8 A RECALCATI e SCARIOLO che giustamente fanno sapere di essere pronti a tornare su una panchina italiana. Il primo perché sarebbe assurdo legarlo al palo della tortura azzurra dove presto porteranno altra gente, il secondo perché ha capito che la Russia sarà anche nuova ricchezza, ma resta pur sempre molto fredda.  
7 A Jumaine JONES perché ci sono giornate dove vedi in campo la differenza fra smaniosi NBA e campioni che quel mondo lo hanno vissuto, anche se mai lo considereremo come il Bob McAdoo di oggi perché fra i due campioni esiste ancora una bella differenza che sfugge forse solo ai Pittis di giornata.  
6 Al MENEGHIN che non si spaventa se davanti al progetto per il campionato di formazione che sembra costare tanto vedrà gli stessi fuochi del Saladino che assedia la Gerusalemme federale. Qualcosa si doveva fare, qualcosa si potrebbe ancora fare e se ci ascolta prima di andare in consiglio farà bene a sedersi con la commissione della” HoF” dove sicuramente ha gente migliore dei suoi consiglieri anche se un Albanesi viene magari snobbato da chi, fra i poveri arbitri, è impegnato nella faida Tola-Colucci, anche se di Santo Versace non si hanno quasi notizie a livello basket.  
5 Ad Attilio CAJA e Jasmin REPESA perché hanno voluto cercare l’inferno quando potevano davvero fermarsi a guardare il mondo sotto di loro. Se andrà tutto male non cambieremo l’opinione su questi eccellenti allenatori, ma proprio perché sono bravi dovrebbero sapere che andare dove hanno seminato altri può far venir fuori vipere da qualsiasi zolla. Meglio allora l’esilio di Spahjia a Valencia dove ha portato intanto un trofeo europeo e un posto in più per la Spagna all’eurolega.  
4 A MASCELLANI, presidente di Ferrara che adesso dovrà spiegarci da dove è venuta fuori la vittoria di Cantù se l’allenatore era lo stesso che lui ha messo in graticola dal primo giorno.  
3 A Luca BECHI e Andrea CAPOBIANCO risucchiati nella lotta per il premio delusione dell’anno proprio nella stagione in cui avevamo preso come esempio positivo per costruire società importanti dai dirigenti di Biella e Teramo.

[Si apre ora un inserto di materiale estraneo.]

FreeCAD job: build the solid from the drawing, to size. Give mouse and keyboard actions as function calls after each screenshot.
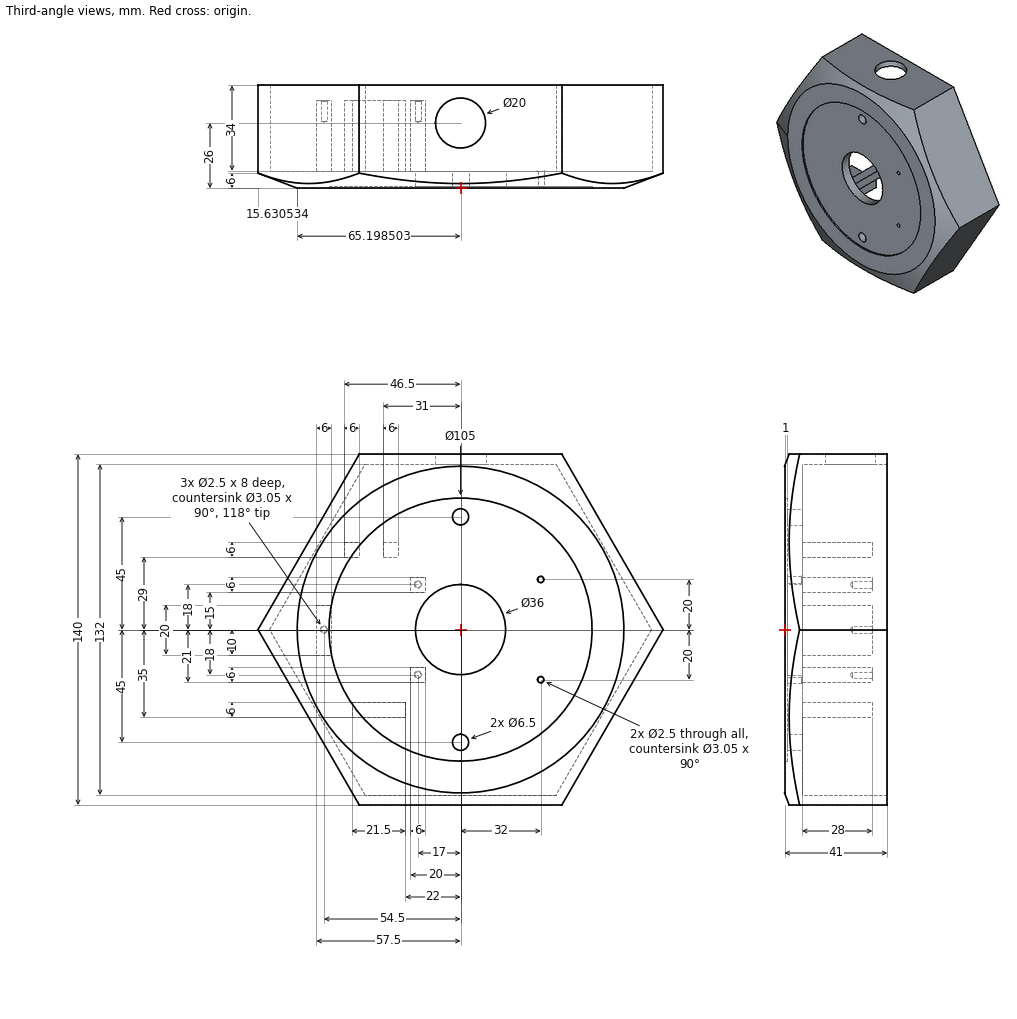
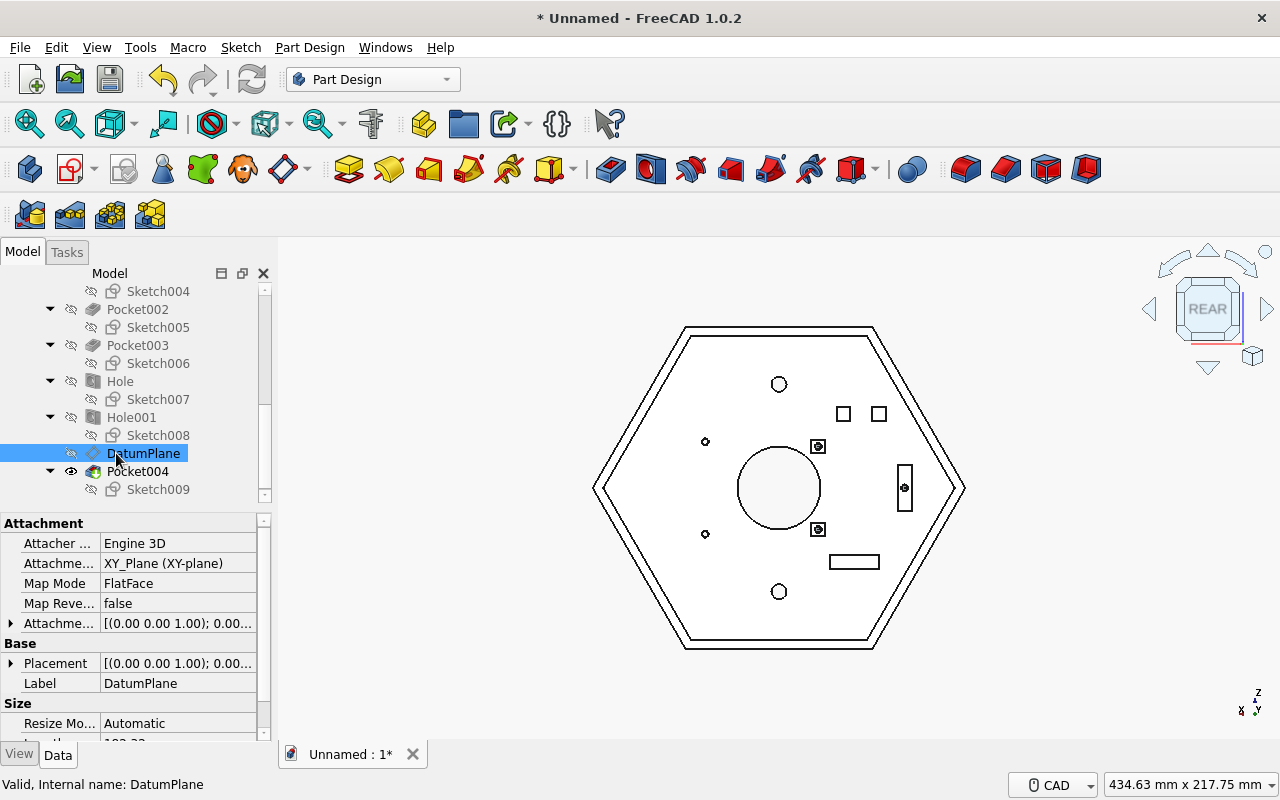
key(0)

Fateci il piacere di chiudere almeno alla grande.  
2 A BIANCHINI e PETERSON che avremmo voluto vedere a Castrocaro perché a quel raduno avrebbe voluto partecipare persino il nostro Caro Boscia che da Istanbul ammette di non aver ancora trovato una difesa giusta per mandare nel bosforo la chemio.  
1 A Mabel BOCCHI, ex grande giocatrice di basket, che secondo Guido Carlo Gatti, non ha saputo radunare le mature baskettare per portarle nella fortezza medicea di Castrocaro o, almeno, nella chiesa di Santa Reparata. Certo El Gato non dice sempre tutta la verità, quindi si attendono sviluppi sulla vicenda perché il quarto raduno è già in cantiere.  
0 A Fabrizio FRATES e Luca BANCHI che per vie diverse hanno cercato di passare come vittime dopo la lite, mani addosso, che li ha visti coinvolti nel dopo gara fra Montegranaro e Siena, un passo avanti nella storia della Mens Sana che si era abituata a sentire soltanto i lamenti dei poveri dirigenti avversari e di qualche allenatore visionario alla Boniciolli o Markovski. Cari amici vi conosciamo bene, sappiamo che avete sangue nelle vene, che siete gente verticale non come certi millantatori di ieri e di oggi. Dite la verita. Vi state sulle balle e appena potete ve lo dite in faccia anche con qualche frontino paliesco. Non fate le vergini dai candidi manti. Ci piacete per quello che siete, pazienza se non tutti vi capiscono, magari cominciando dagli arbitri.